За обитой стареньким дерматином дверью без глазка, незаметно для посторонних скрывавшей за своей невзрачной оболочкой надежный стальной лист, который не взял бы иной автоген, не говоря уже о хитром замке, обнаружилась одна из драконовских шестерок, обладавшая, впрочем, тянущим на более крупную масть потенциалом, — Гуня Тараторка.

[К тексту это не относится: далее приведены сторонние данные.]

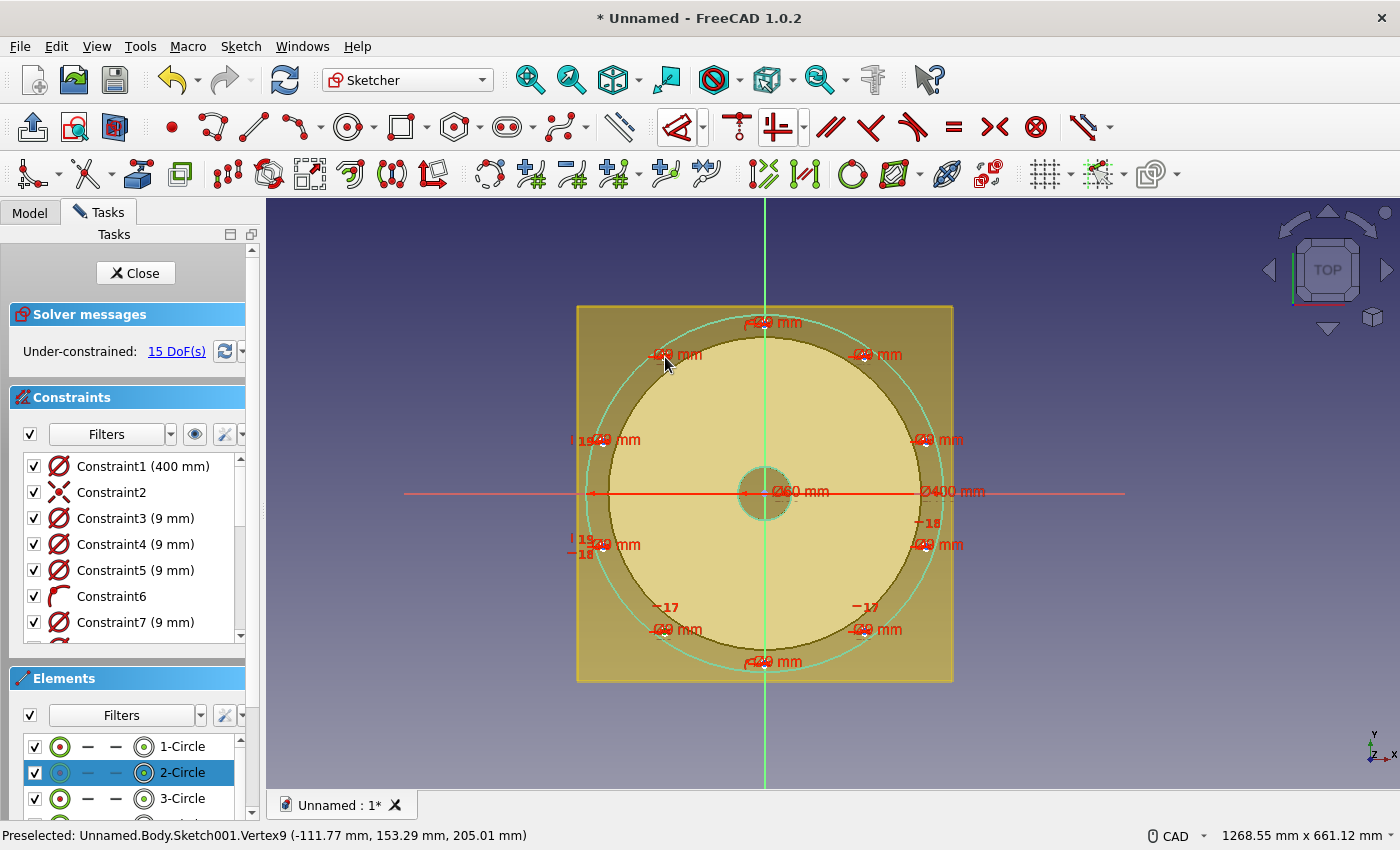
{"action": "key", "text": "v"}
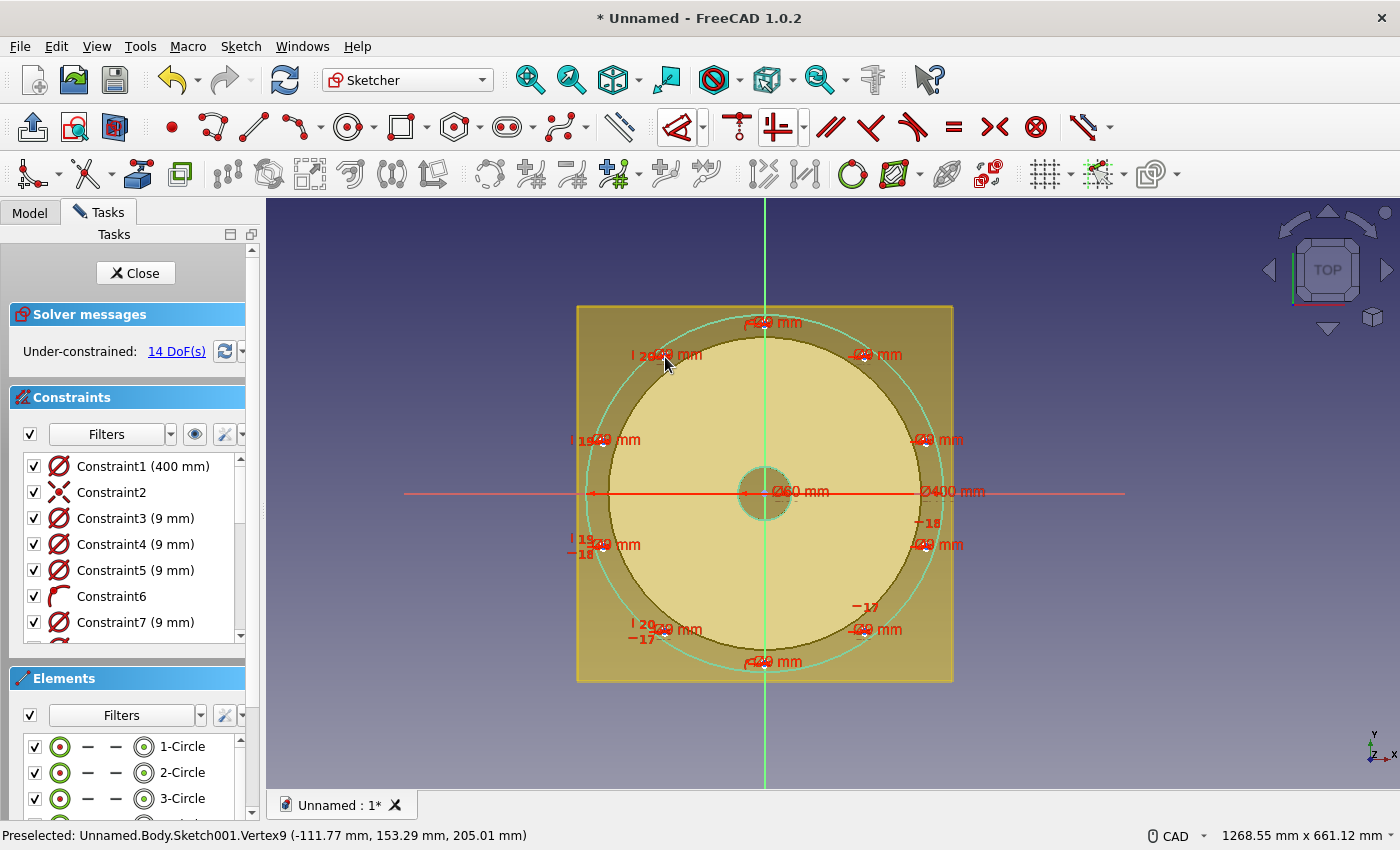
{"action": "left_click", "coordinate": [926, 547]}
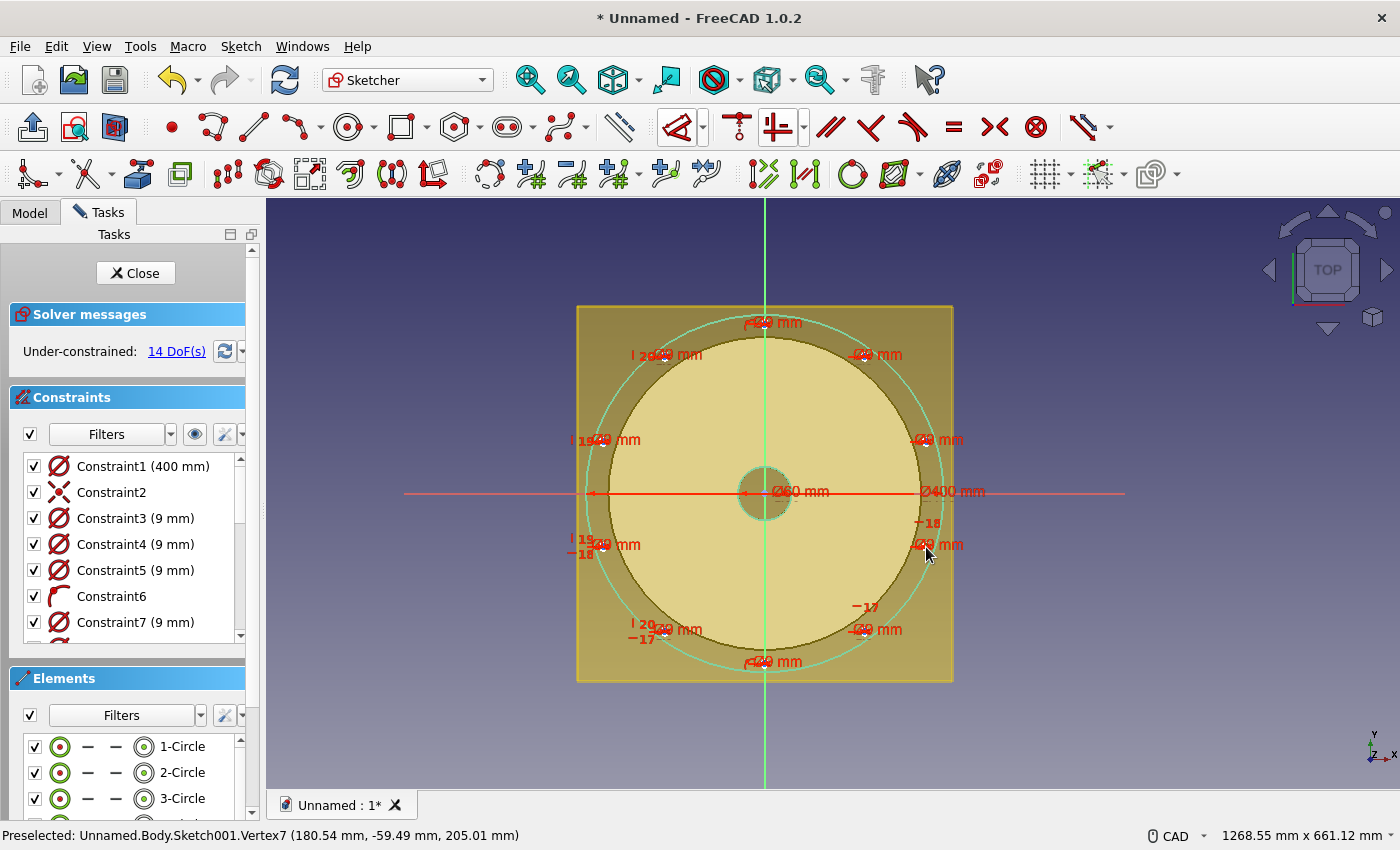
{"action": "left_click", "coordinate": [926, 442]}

Завидев недовольного патрона, парень затараторил, словно торопясь подтвердить свое меткое погоняло:

— Шеф этот с «рыжевьем» и другие менты ОМОН тоже только что каких-то повязали Серега Маленький видел он там у подъезда в старом «ушастом» сидел всю ночь как только они появились с другой стороны дома шухер был шмаляли из зингеров и шпалеров но Серый не пошел побоялся спалиться вывели двоих и в луноходы разные запихали как только увезли...

— Не части ты, Тараторка! — прикрикнул Дракон, отчаявшись разобраться в словесном потоке, выпаливаемом на одном дыхании, без каких-либо знаков препинания. — Реже говори, не на стрелке!

Из повторенного на меньшей скорости, но все равно на грани человеческого восприятия, Павел Михайлович в конце концов уяснил, что лейтенант, отправивший в Челябинск посылочку из двадцати пяти червонных с курьером, который уже надежно был спрятан на городской свалке с гарантией его ненахождения не менее года, участвовал в захвате каких-то людей, одному или нескольким из которых, несмотря на ОМОН, с боем удалось вырваться из капкана, а двоих арестованных, сильно избитых, увезли в Управление в разных патрульных «уазиках». На квартире, судя по свету в окнах, до десяти утра шел обыск, и стопроцентно была оставлена засада. Самым скверным оказалось то, что арест и обыск проводились в квартире именно того коллекционера монет, тесно связанного с покойным Пасечником, которого было решено после устранения последнего не трогать какое-то время, используя как приманку для других потенциальных левых фарцовщиков «рыжевьем».